3 December 2021
The Vermont Climate Council passed an Action Plan on Wednesday by a vote of 19-4. The 273-page plan is part of the Vermont Global Warming Solutions Act which requires greenhouse gas emissions drop 26% by 2025 and 40% by the end of the decade. These are not goals, these are mandates and failure to meet these mandates is a violation of the Global Warming Solutions Act.
The thermal strategy is to ensure buildings use less energy while heating with more electricity. This means that 90,000 homes will need to be weatherized by the end of the decade-an increase of about 200%. The plan also requires a new “net zero” building code for new construction, efficiency standards for rental properties, and electric-only water heaters with modular demand response communication so the UTILITY companies can remotely control the water temperature. Also included in the plan is the creation of a Clean Heat Standard to incentivize heating companies to reduce their customer’s carbon emissions. Selling renewable liquid fuels, pellet stoves, and heat pumps would generate credits that fossil fuel wholesalers would be required to purchase.
As far as transportation goes, the plan uses incentives, taxes, and regulations to "persuade" Vermonters to buy and drive electric cars. By 2030, in order to meet the emission reduction mandates, 170,000 electric vehicles will need to replace gas-run vehicles. This is an increase of nearly 4000%. The plan allows for this by banning the sale of new combustion engine vehicles by 2035, giving cash incentives for electric vehicles and more fees to those who drive vehicles powered by gasoline and diesel. Additionally, even though MA, RI and CT have abandoned the Transportation Climate Initiative (TCI), VT has not. The plan calls on lawmakers to pass legislation that would allow the state to join the cap and trade program if it comes to fruition.
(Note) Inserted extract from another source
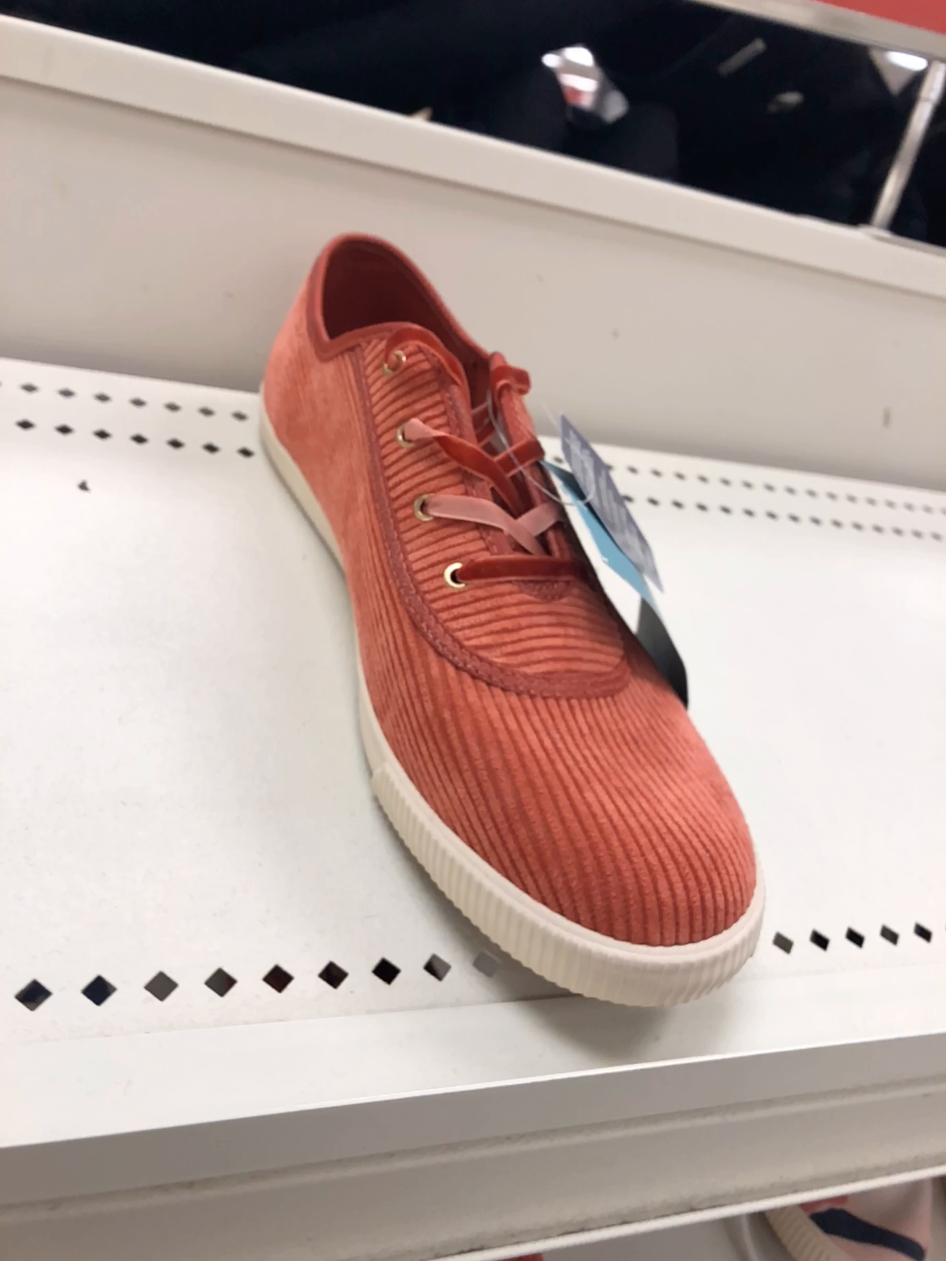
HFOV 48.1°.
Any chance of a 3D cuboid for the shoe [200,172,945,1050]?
[{"bbox_3d":[-0.002,-0.044,0.338,0.100,0.089,0.322,1,36,-27],"label":"shoe"}]

Governor Scott’s Administration released a signed statement disagreeing with many aspects of the plan. In the statement, Governor Scott said he “cannot support proposals which impose a fiscal commitment beyond the means of most Vermonters.” The electric stoves, cars, and heating systems that must be purchased in order to comply with the Global Warming Solution Act represent billions of dollars of new purchases. The Vermont legislature will pick up where the Climate Council left off in determining who pays the bill. The Legislature will start that process in January. NEHPBA will keep you updated!